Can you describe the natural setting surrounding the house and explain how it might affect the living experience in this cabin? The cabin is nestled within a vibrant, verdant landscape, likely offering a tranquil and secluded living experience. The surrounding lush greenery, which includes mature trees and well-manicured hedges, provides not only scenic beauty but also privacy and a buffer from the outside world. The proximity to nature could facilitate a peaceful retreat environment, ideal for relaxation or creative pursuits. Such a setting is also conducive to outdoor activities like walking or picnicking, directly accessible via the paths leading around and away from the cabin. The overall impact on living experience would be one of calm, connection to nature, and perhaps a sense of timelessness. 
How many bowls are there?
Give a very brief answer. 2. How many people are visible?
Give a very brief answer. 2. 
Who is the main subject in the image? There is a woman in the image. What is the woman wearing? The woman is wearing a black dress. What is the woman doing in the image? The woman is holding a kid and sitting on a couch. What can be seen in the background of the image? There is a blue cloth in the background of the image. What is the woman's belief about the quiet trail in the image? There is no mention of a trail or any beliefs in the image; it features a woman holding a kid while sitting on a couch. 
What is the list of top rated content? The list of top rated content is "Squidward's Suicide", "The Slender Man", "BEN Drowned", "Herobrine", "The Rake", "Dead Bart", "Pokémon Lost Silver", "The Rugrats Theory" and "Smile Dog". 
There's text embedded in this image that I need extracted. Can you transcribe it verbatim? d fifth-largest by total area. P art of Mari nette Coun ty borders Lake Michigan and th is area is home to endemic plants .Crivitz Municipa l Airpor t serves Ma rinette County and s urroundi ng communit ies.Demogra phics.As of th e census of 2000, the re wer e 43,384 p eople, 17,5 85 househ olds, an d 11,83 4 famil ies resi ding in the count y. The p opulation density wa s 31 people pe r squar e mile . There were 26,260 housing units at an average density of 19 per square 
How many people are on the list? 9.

·····

> [Work to be completed]: Using the records above, repeat exactly the lines from the first one through the line with "Who is the main".

> [Written solution]:
Can you describe the natural setting surrounding the house and explain how it might affect the living experience in this cabin? The cabin is nestled within a vibrant, verdant landscape, likely offering a tranquil and secluded living experience. The surrounding lush greenery, which includes mature trees and well-manicured hedges, provides not only scenic beauty but also privacy and a buffer from the outside world. The proximity to nature could facilitate a peaceful retreat environment, ideal for relaxation or creative pursuits. Such a setting is also conducive to outdoor activities like walking or picnicking, directly accessible via the paths leading around and away from the cabin. The overall impact on living experience would be one of calm, connection to nature, and perhaps a sense of timelessness. 
How many bowls are there?
Give a very brief answer. 2. How many people are visible?
Give a very brief answer. 2. 
Who is the main subject in the image? There is a woman in the image. What is the woman wearing? The woman is wearing a black dress. What is the woman doing in the image? The woman is holding a kid and sitting on a couch. What can be seen in the background of the image? There is a blue cloth in the background of the image. What is the woman's belief about the quiet trail in the image? There is no mention of a trail or any beliefs in the image; it features a woman holding a kid while sitting on a couch. 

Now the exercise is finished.